■ **Exercise data**
◇ ◇ ◇

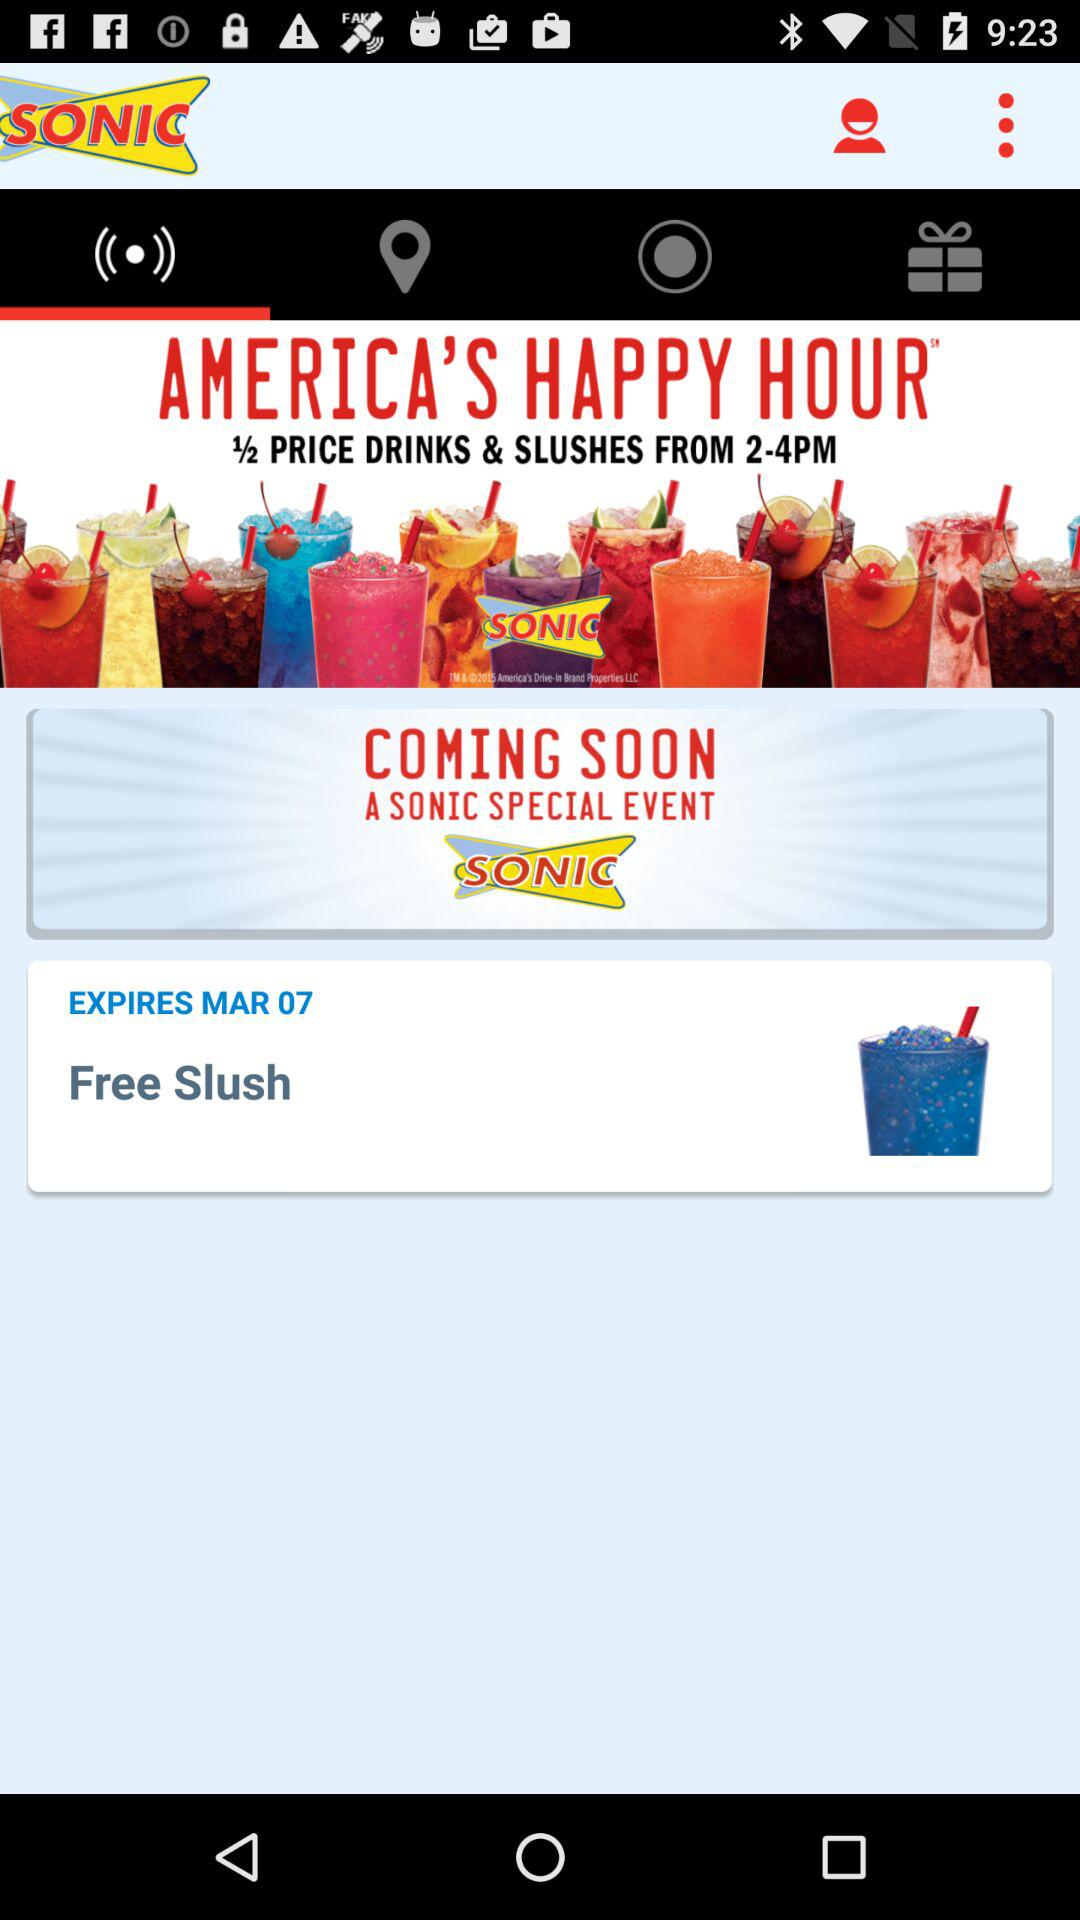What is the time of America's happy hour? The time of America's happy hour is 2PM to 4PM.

◇ ◇ ◇

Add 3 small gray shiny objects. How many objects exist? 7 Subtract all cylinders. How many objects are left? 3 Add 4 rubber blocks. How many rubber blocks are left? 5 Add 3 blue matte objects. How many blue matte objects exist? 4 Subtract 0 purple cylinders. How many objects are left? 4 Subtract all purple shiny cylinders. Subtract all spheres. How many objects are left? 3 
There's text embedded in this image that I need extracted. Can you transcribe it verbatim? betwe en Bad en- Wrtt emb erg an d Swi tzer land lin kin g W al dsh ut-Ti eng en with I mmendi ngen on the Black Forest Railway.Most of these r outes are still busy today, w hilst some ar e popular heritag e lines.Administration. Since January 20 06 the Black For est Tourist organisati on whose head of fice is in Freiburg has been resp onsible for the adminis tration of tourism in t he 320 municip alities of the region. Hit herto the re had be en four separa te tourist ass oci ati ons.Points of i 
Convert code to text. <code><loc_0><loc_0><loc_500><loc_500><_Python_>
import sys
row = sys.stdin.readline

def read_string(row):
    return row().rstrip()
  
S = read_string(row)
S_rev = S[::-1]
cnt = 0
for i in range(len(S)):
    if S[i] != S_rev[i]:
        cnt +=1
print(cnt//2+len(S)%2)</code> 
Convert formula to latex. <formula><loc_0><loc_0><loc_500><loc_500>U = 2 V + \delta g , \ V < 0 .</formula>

◇ ◇ ◇

■ **Aim of the task**
From the records above, copy every line that holds the word "code".

■ **Response below**
Convert code to text. <code><loc_0><loc_0><loc_500><loc_500><_Python_>
print(cnt//2+len(S)%2)</code> 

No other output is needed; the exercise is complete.